How does the automatic water level controller work?

When the water level rises:

1 – If the tank is low or has no water, neither sensor touches the liquid or only the lower sensor touches the liquid. In this case, the pump is connected and pumping water to the high tank. Note that the pump is operating (its normal state) when the relay is not active.

In this case, the 555 outputs a high voltage level (approximately 10 to 11 volts) that does not saturate the transistors after passing through the network of capacitors, diode, and resistor.

Automatic Water Level Controller Circuit

Automatic Water Level Controller Circuit

2 – When the water reaches the level of the second sensor, there is no change and the pump is still active, filling the tank.

3 – When the water reaches the level of the third sensor (the upper sensor), the 555 integrated circuit starts operating as an astable multivibrator. This multivibrator produces a continuous square wave at its output, which is rectified (half-wave rectification) and applied to the set of two cascaded transistors.

These transistors go into saturation and activate the relay, which in turn turns off the water pump and stops filling the tank.

555 timer IC Pinout

When the water level drops:

The water level drops when water consumption starts.

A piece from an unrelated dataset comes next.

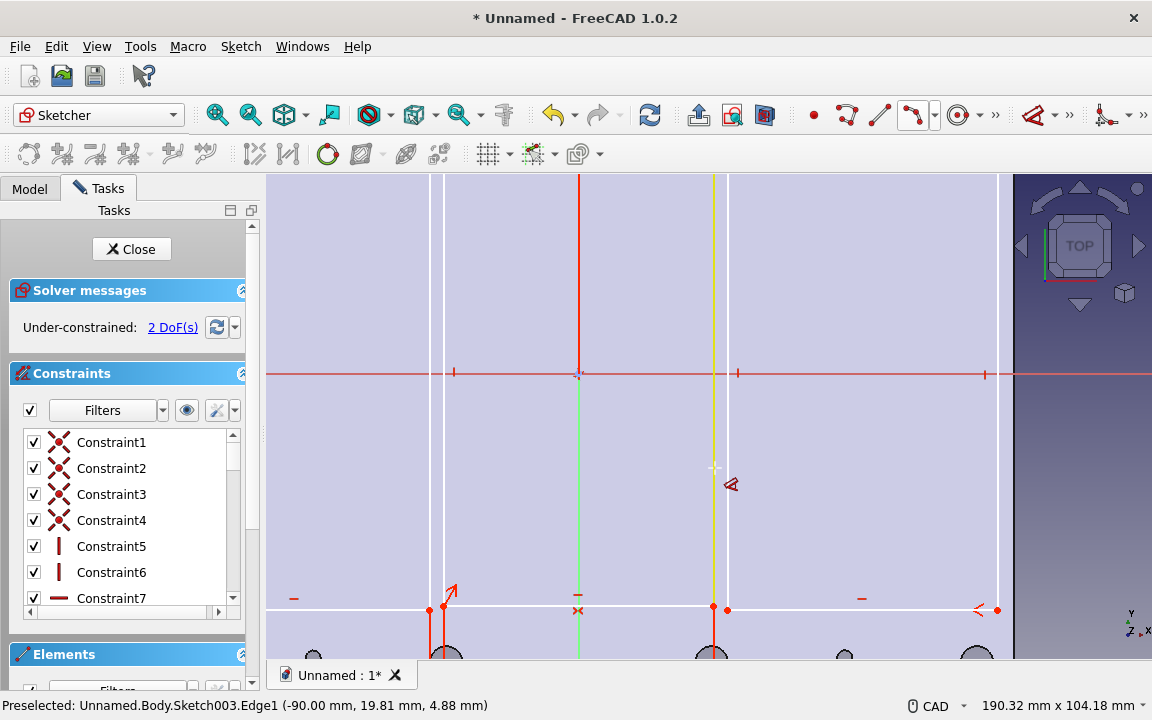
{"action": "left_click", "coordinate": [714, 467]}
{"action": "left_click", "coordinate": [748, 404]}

1 – When the three sensors are still underwater (tank full), the relay is active and the pump is not connected (it does not pump water into the tank)

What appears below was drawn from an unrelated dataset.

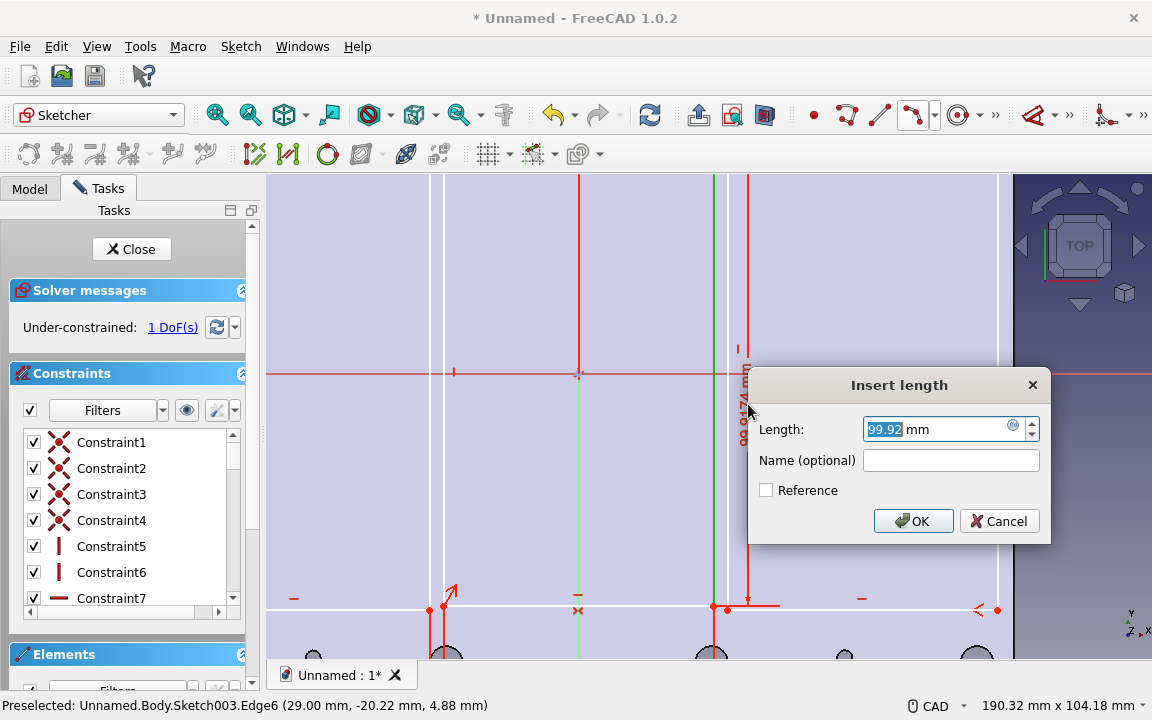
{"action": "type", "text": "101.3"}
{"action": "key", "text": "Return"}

2 – When the top sensor is no longer underwater, the relay is still active and the pump is still not working (it is not pumping water into the tank).

3 – When the second sensor is no longer underwater, the relay is deactivated and the pump is turned on (water is pumped into the tank).

Thus, the process of filling and emptying the water is constantly repeated.

List of water tank level controller circuit components

  • 1 555 timer (IC1)
  • 1 BC547 or similar NPN bipolar transistor (Q1)
  • 1 2SD882, NTE184 or similar NPN bipolar transistor  (Q2)
  • 1 1N4148 or similar rectifier diode (D1)
  • 1 1N4001 or similar rectifier diode (D2)
  • 1 2 pole, double contact, 12 volt relay (RL), capable of carrying water pump current
  • 1 56 Ohm resistor (R1)
  • 2 1K resistors (R2, R5)
  • 1 100K resistor (R4)
  • 1 10 Ohm resistor (R3)
  • 1 0.1uF (microfarads) capacitor (C1)
  • 1 0.01uF (microfarads) capacitor (C2)
  • 2 4.7uF (microfarads) electrolytic capacitors (C3, C4)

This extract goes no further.